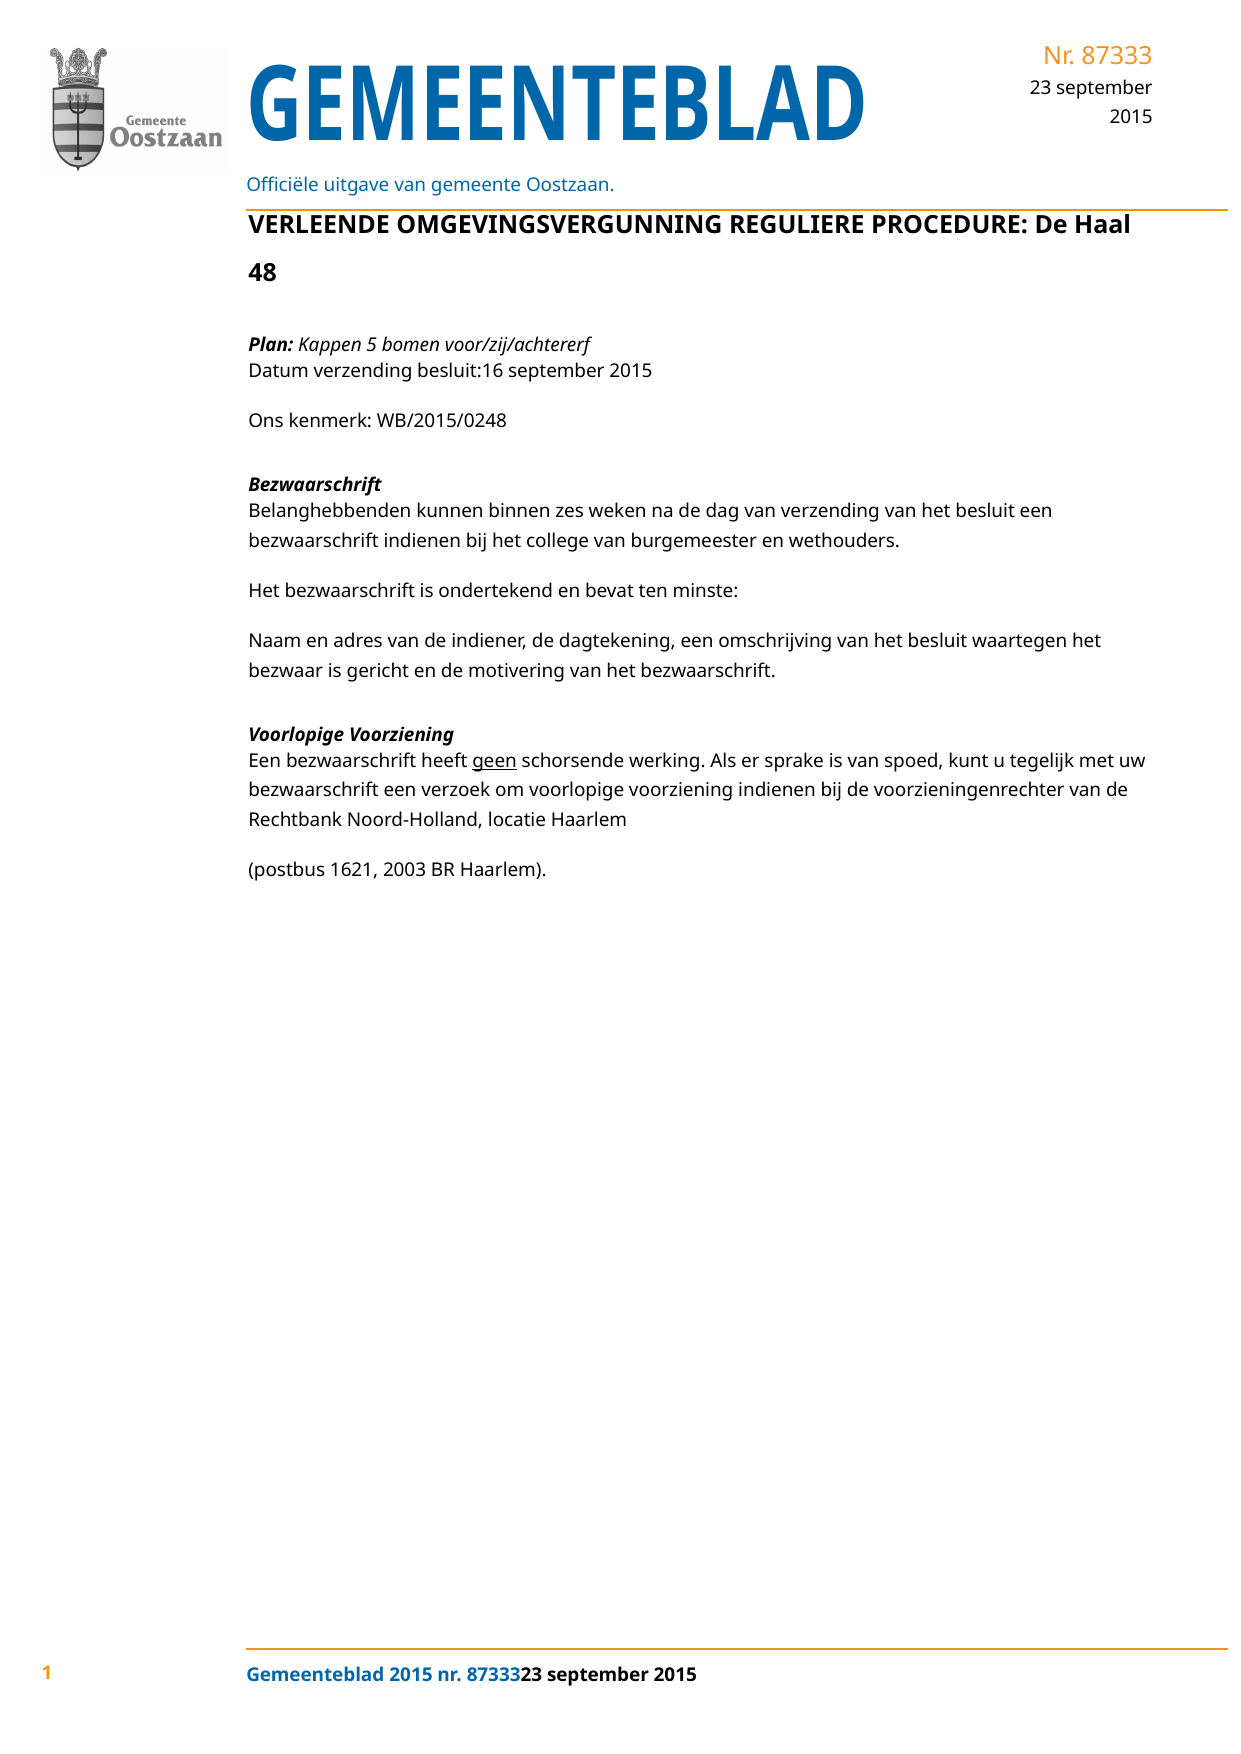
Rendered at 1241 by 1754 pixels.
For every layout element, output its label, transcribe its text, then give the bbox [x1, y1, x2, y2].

text Ons kenmerk: WB/2015/0248 [248, 408, 1152, 433]
text Het bezwaarschrift is ondertekend en bevat ten minste: [248, 577, 1152, 603]
text VERLEENDE OMGEVINGSVERGUNNING REGULIERE PROCEDURE: De Haal 48 [248, 211, 1152, 288]
text Naam en adres van de indiener, de dagtekening, een omschrijving van het besluit waartegen het bezwaar is gericht en de motivering van het bezwaarschrift. [248, 628, 1152, 683]
text (postbus 1621, 2003 BR Haarlem). [248, 857, 1152, 882]
picture [41, 47, 231, 172]
text Plan: Kappen 5 bomen voor/zij/achtererf [248, 331, 1152, 357]
text Datum verzending besluit:16 september 2015 [248, 357, 1152, 383]
text Belanghebbenden kunnen binnen zes weken na de dag van verzending van het besluit een bezwaarschrift indienen bij het college van burgemeester en wethouders. [248, 497, 1152, 553]
text Voorlopige Voorziening [248, 721, 1152, 747]
text Een bezwaarschrift heeft geen schorsende werking. Als er sprake is van spoed, kunt u tegelijk met uw bezwaarschrift een verzoek om voorlopige voorziening indienen bij de voorzieningenrechter van de Rechtbank Noord-Holland, locatie Haarlem [248, 747, 1152, 832]
text Bezwaarschrift [248, 472, 1152, 497]
---
The answer must be every line of the entries that includes the word "text".

- **PROBLEM SOLUTION**
For every layout element, output its label, transcribe its text, then give the bbox [x1, y1, x2, y2].
text Ons kenmerk: WB/2015/0248 [248, 408, 1152, 433]
text Het bezwaarschrift is ondertekend en bevat ten minste: [248, 577, 1152, 603]
text VERLEENDE OMGEVINGSVERGUNNING REGULIERE PROCEDURE: De Haal 48 [248, 211, 1152, 288]
text Naam en adres van de indiener, de dagtekening, een omschrijving van het besluit waartegen het bezwaar is gericht en de motivering van het bezwaarschrift. [248, 628, 1152, 683]
text (postbus 1621, 2003 BR Haarlem). [248, 857, 1152, 882]
text Plan: Kappen 5 bomen voor/zij/achtererf [248, 331, 1152, 357]
text Datum verzending besluit:16 september 2015 [248, 357, 1152, 383]
text Belanghebbenden kunnen binnen zes weken na de dag van verzending van het besluit een bezwaarschrift indienen bij het college van burgemeester en wethouders. [248, 497, 1152, 553]
text Voorlopige Voorziening [248, 721, 1152, 747]
text Een bezwaarschrift heeft geen schorsende werking. Als er sprake is van spoed, kunt u tegelijk met uw bezwaarschrift een verzoek om voorlopige voorziening indienen bij de voorzieningenrechter van de Rechtbank Noord-Holland, locatie Haarlem [248, 747, 1152, 832]
text Bezwaarschrift [248, 472, 1152, 497]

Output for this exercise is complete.